In 2021, they reported that T cells produce MAO-A when they recognise tumours, which makes it harder for them to fight cancer. They found that treating mice with melanoma and colon cancer using MAO inhibitors, also called MAOIs – the first class of antidepressant drugs to be invented – helped T cells attack tumours more effectively.
However, because MAOIs have safety concerns, including serious side effects and interactions with certain foods and medications, the team turned its attention to a different serotonin-regulating molecule: SERT.
“Unlike MAO-A, which breaks down multiple neurotransmitters, SERT has one job – to transport serotonin,” explained Bo Li, PhD, first author of the study and a senior research scientist in the Yang lab. “SERT made for an especially attractive target because the drugs that act on it – SSRIs – are widely used with minimal side effects.”
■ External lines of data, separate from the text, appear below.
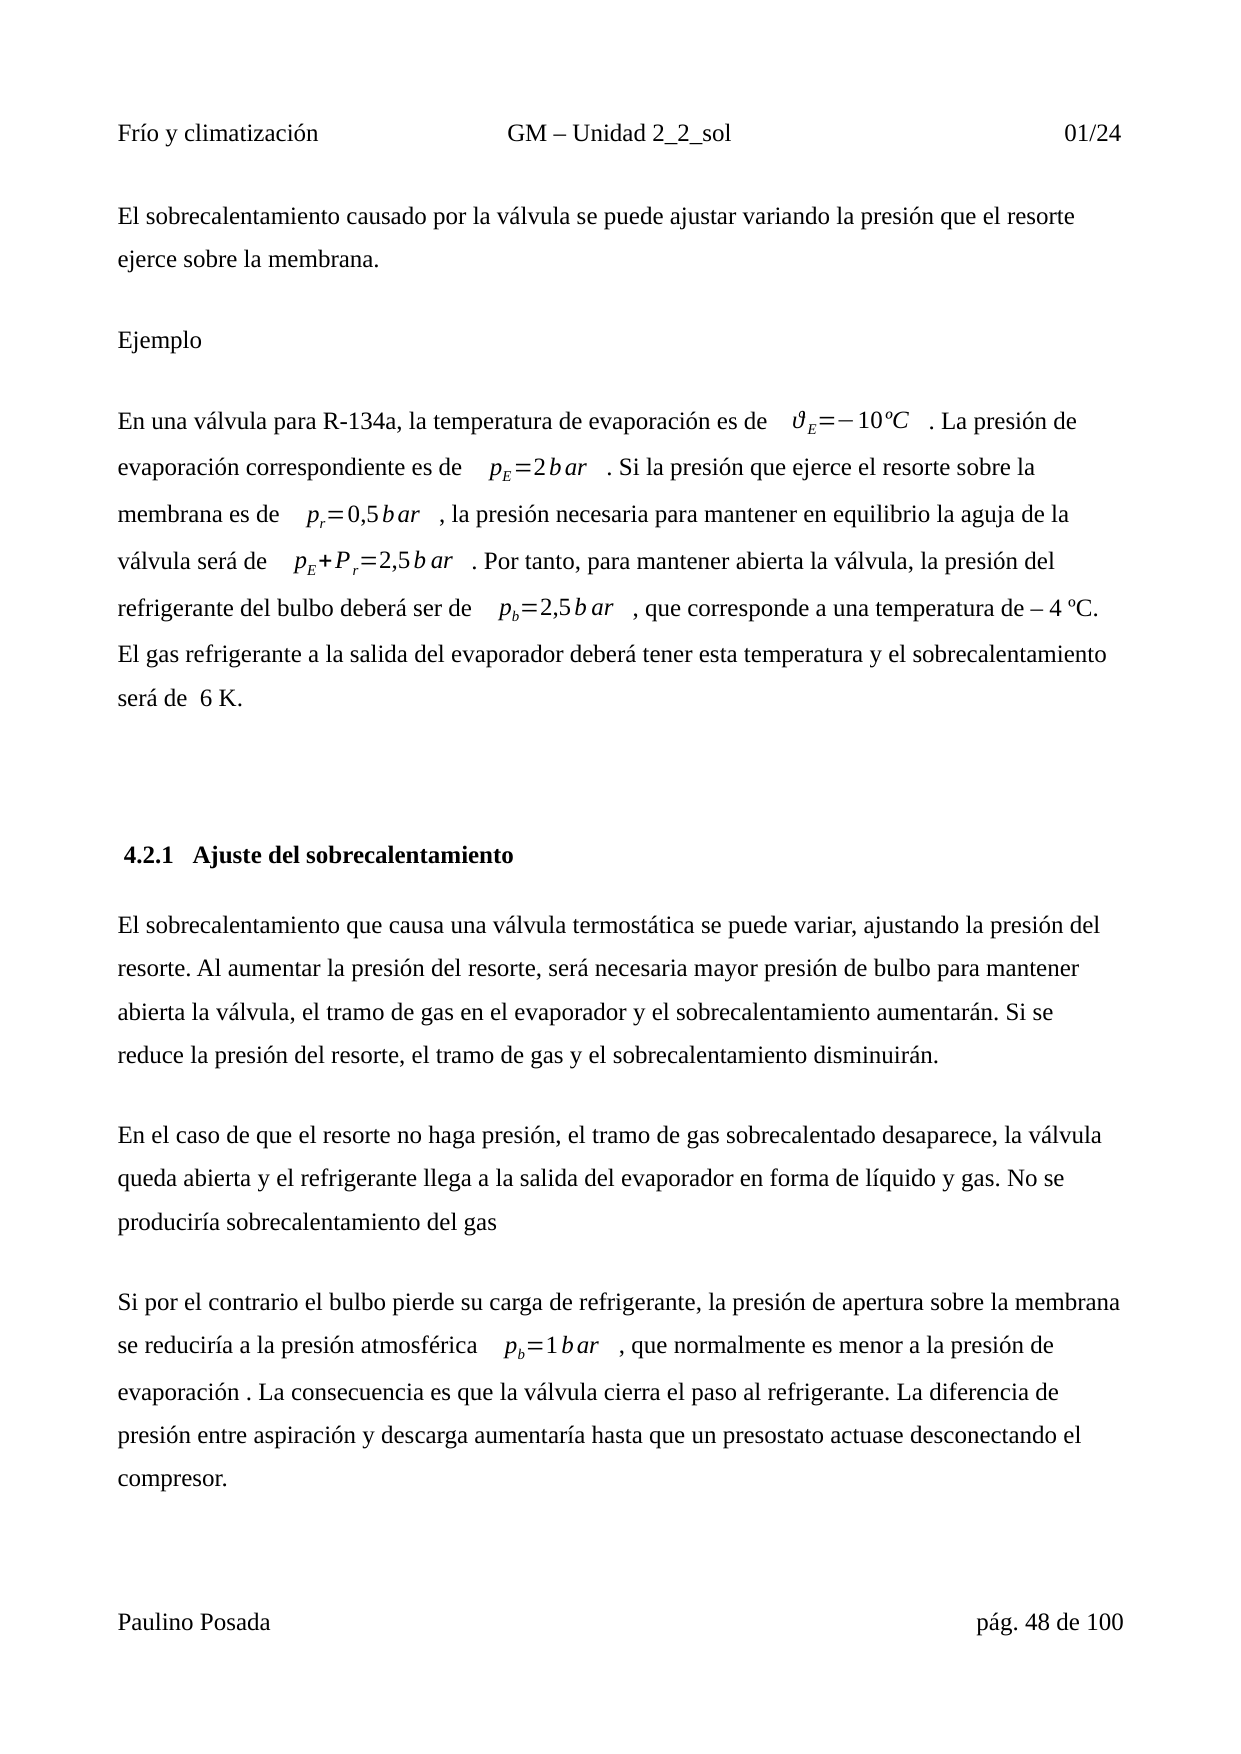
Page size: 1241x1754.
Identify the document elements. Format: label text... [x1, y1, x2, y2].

text Si por el contrario el bulbo pierde su carga de refrigerante, la presión de apertura sobre la membrana se reduciría a la presión atmosférica , que normalmente es menor a la presión de evaporación . La consecuencia es que la válvula cierra el paso al refrigerante. La diferencia de presión entre aspiración y descarga aumentaría hasta que un presostato actuase desconectando el compresor. [117, 1287, 1123, 1492]
text El sobrecalentamiento causado por la válvula se puede ajustar variando la presión que el resorte ejerce sobre la membrana. [117, 201, 1123, 273]
text En una válvula para R-134a, la temperatura de evaporación es de . La presión de evaporación correspondiente es de . Si la presión que ejerce el resorte sobre la membrana es de , la presión necesaria para mantener en equilibrio la aguja de la válvula será de . Por tanto, para mantener abierta la válvula, la presión del refrigerante del bulbo deberá ser de , que corresponde a una temperatura de – 4 ºC. El gas refrigerante a la salida del evaporador deberá tener esta temperatura y el sobrecalentamiento será de 6 K. [117, 406, 1123, 711]
text El sobrecalentamiento que causa una válvula termostática se puede variar, ajustando la presión del resorte. Al aumentar la presión del resorte, será necesaria mayor presión de bulbo para mantener abierta la válvula, el tramo de gas en el evaporador y el sobrecalentamiento aumentarán. Si se reduce la presión del resorte, el tramo de gas y el sobrecalentamiento disminuirán. [117, 910, 1123, 1068]
subtitle Ajuste del sobrecalentamiento [117, 840, 1123, 868]
text En el caso de que el resorte no haga presión, el tramo de gas sobrecalentado desaparece, la válvula queda abierta y el refrigerante llega a la salida del evaporador en forma de líquido y gas. No se produciría sobrecalentamiento del gas [117, 1120, 1123, 1235]
text Ejemplo [117, 325, 1123, 354]
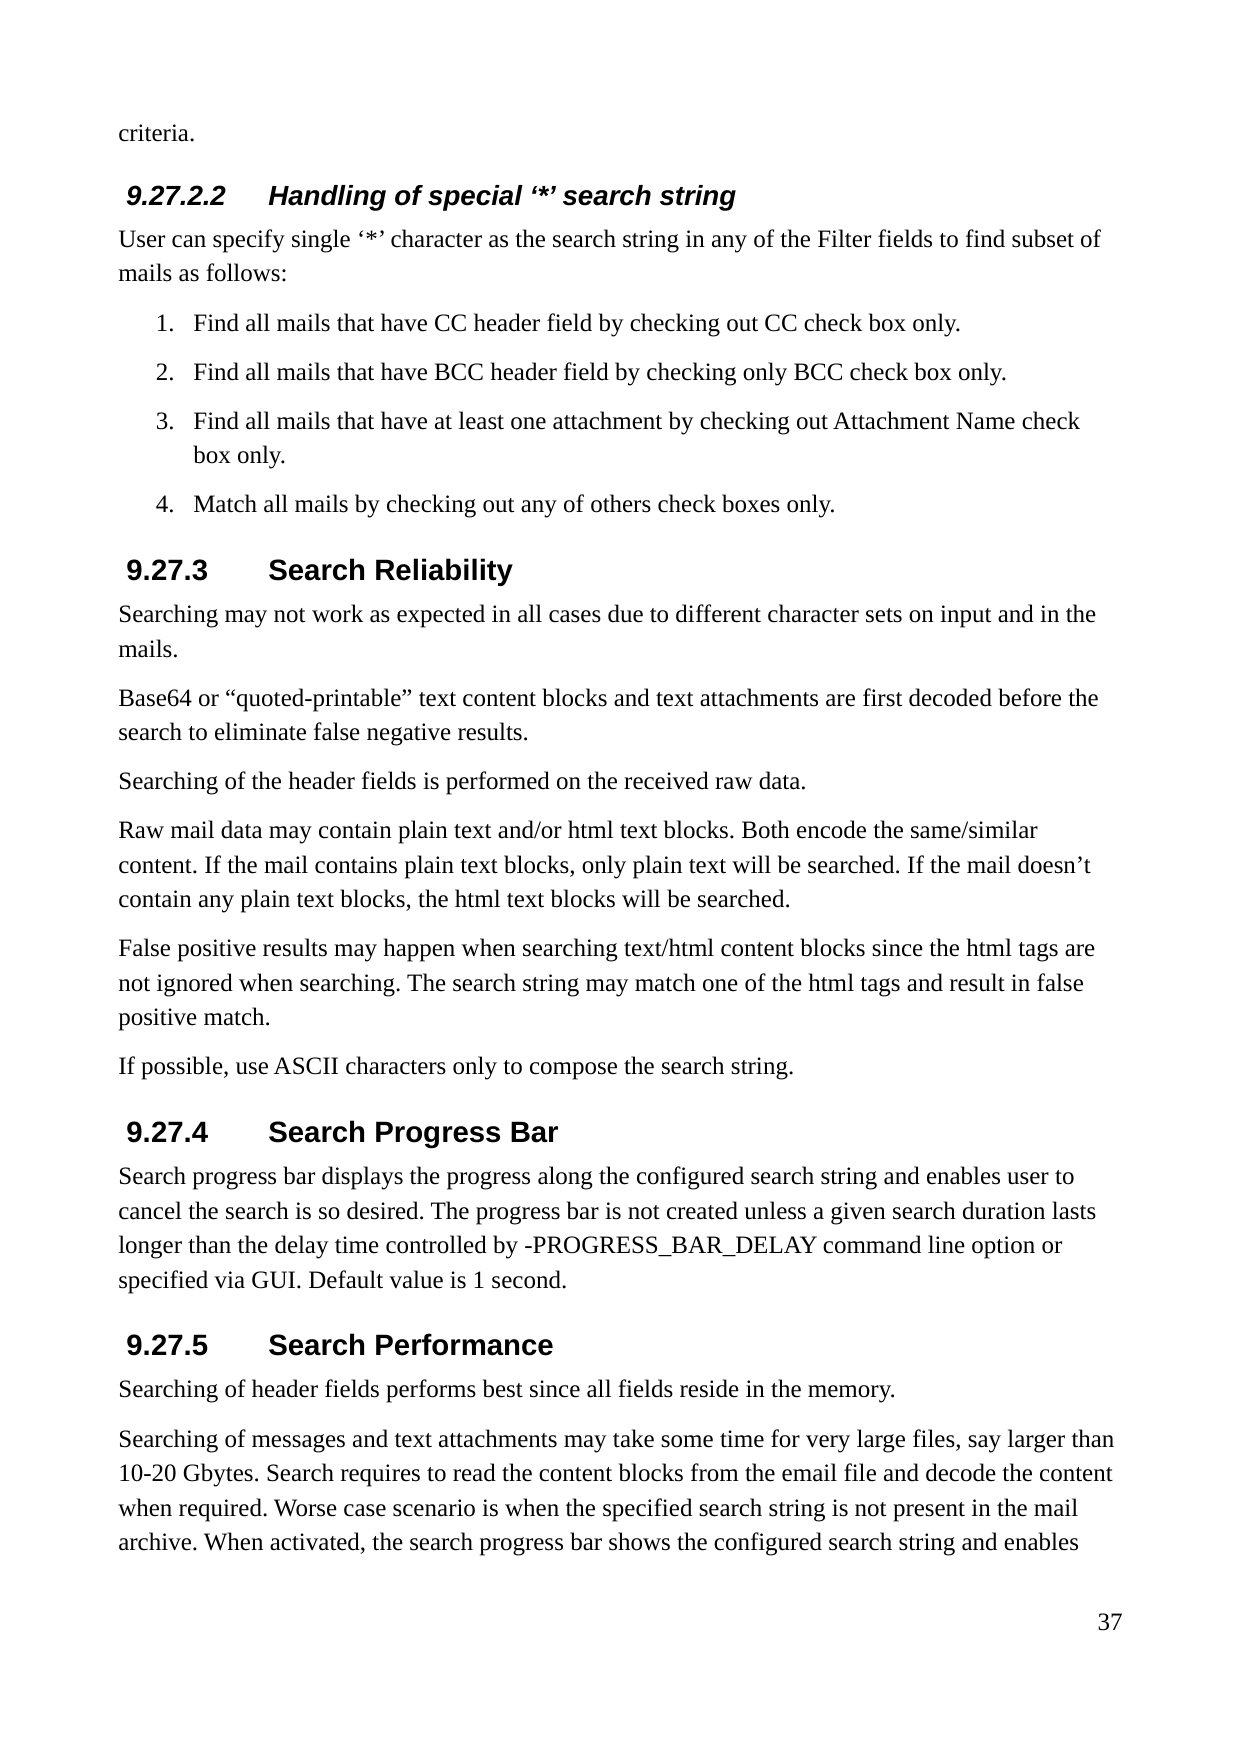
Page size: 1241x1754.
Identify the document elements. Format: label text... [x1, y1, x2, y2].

text Searching may not work as expected in all cases due to different character sets on input and in the mails. [118, 599, 1122, 662]
text Base64 or “quoted-printable” text content blocks and text attachments are first decoded before the search to eliminate false negative results. [118, 683, 1122, 746]
subtitle Search Performance [118, 1328, 1122, 1362]
text Searching of header fields performs best since all fields reside in the memory. [118, 1374, 1122, 1403]
subtitle Handling of special ‘*’ search string [118, 180, 1122, 212]
text User can specify single ‘*’ character as the search string in any of the Filter fields to find subset of mails as follows: [118, 224, 1122, 287]
text Searching of messages and text attachments may take some time for very large files, say larger than 10-20 Gbytes. Search requires to read the content blocks from the email file and decode the content when required. Worse case scenario is when the specified search string is not present in the mail archive. When activated, the search progress bar shows the configured search string and enables [118, 1424, 1122, 1556]
text Raw mail data may contain plain text and/or html text blocks. Both encode the same/similar content. If the mail contains plain text blocks, only plain text will be searched. If the mail doesn’t contain any plain text blocks, the html text blocks will be searched. [118, 815, 1122, 913]
text Search progress bar displays the progress along the configured search string and enables user to cancel the search is so desired. The progress bar is not created unless a given search duration lasts longer than the delay time controlled by -PROGRESS_BAR_DELAY command line option or specified via GUI. Default value is 1 second. [118, 1161, 1122, 1293]
list Find all mails that have at least one attachment by checking out Attachment Name check box only. [156, 406, 1122, 469]
text Searching of the header fields is performed on the received raw data. [118, 766, 1122, 795]
text False positive results may happen when searching text/html content blocks since the html tags are not ignored when searching. The search string may match one of the html tags and result in false positive match. [118, 933, 1122, 1031]
subtitle Search Reliability [118, 553, 1122, 587]
list Find all mails that have BCC header field by checking only BCC check box only. [156, 357, 1122, 385]
text If possible, use ASCII characters only to compose the search string. [118, 1051, 1122, 1080]
text criteria. [118, 118, 1122, 147]
subtitle Search Progress Bar [118, 1115, 1122, 1149]
list Find all mails that have CC header field by checking out CC check box only. [156, 308, 1122, 336]
list Match all mails by checking out any of others check boxes only. [156, 489, 1122, 518]

The researchers tested SSRIs in mouse and human tumour models representing melanoma, breast, prostate, colon and bladder cancer. They found that SSRI treatment reduced average tumour size by over 50% and made the cancer-fighting T cells, known as killer T cells, more effective at killing cancer cells.
“SSRIs made the killer T cells happier in the otherwise oppressive tumour environment by increasing their access to serotonin signals, reinvigorating them to fight and kill cancer cells,” said Dr Yang, who is also a professor of microbiology, immunology and molecular genetics and a member of the UCLA Health Jonsson Comprehensive Cancer Center.
How SSRIs could boost the effectiveness of cancer therapies
The team also investigated whether combining SSRIs with existing cancer therapies could improve treatment outcomes. They tested a combination of an SSRI and anti-PD-1 antibody – a common immune checkpoint blockade (ICB) therapy – in mouse models of melanoma and colon cancer. ICB therapies block immune checkpoint molecules that normally suppress immune cell activity, allowing T cells to attack tumours more effectively.
The results were striking: the combination significantly reduced tumour size in all treated mice and even achieved complete remission in some cases.
“Immune checkpoint blockades are effective in fewer than 25% of patients,” said James Elsten-Brown, a graduate student in the Yang lab and co-author of the study. “If a safe, widely available drug like an SSRI could make these therapies more effective, it would be hugely impactful.”
To confirm these findings, the team will investigate whether real-world cancer patients taking SSRIs have better outcomes, especially those receiving ICB therapies. About 20% of cancer patients are already taking the medication, Dr Yang said.
Dr Yang added that using existing FDA-approved drugs could speed up the process of bringing new cancer treatments to patients, making this research especially promising.
“Studies estimate the bench-to-bedside pipeline for new cancer therapies costs an average of $1.5 billion,” she said. “When you compare this to the estimated $300 million cost to repurpose FDA-approved drugs, it’s clear why this approach has so much potential.”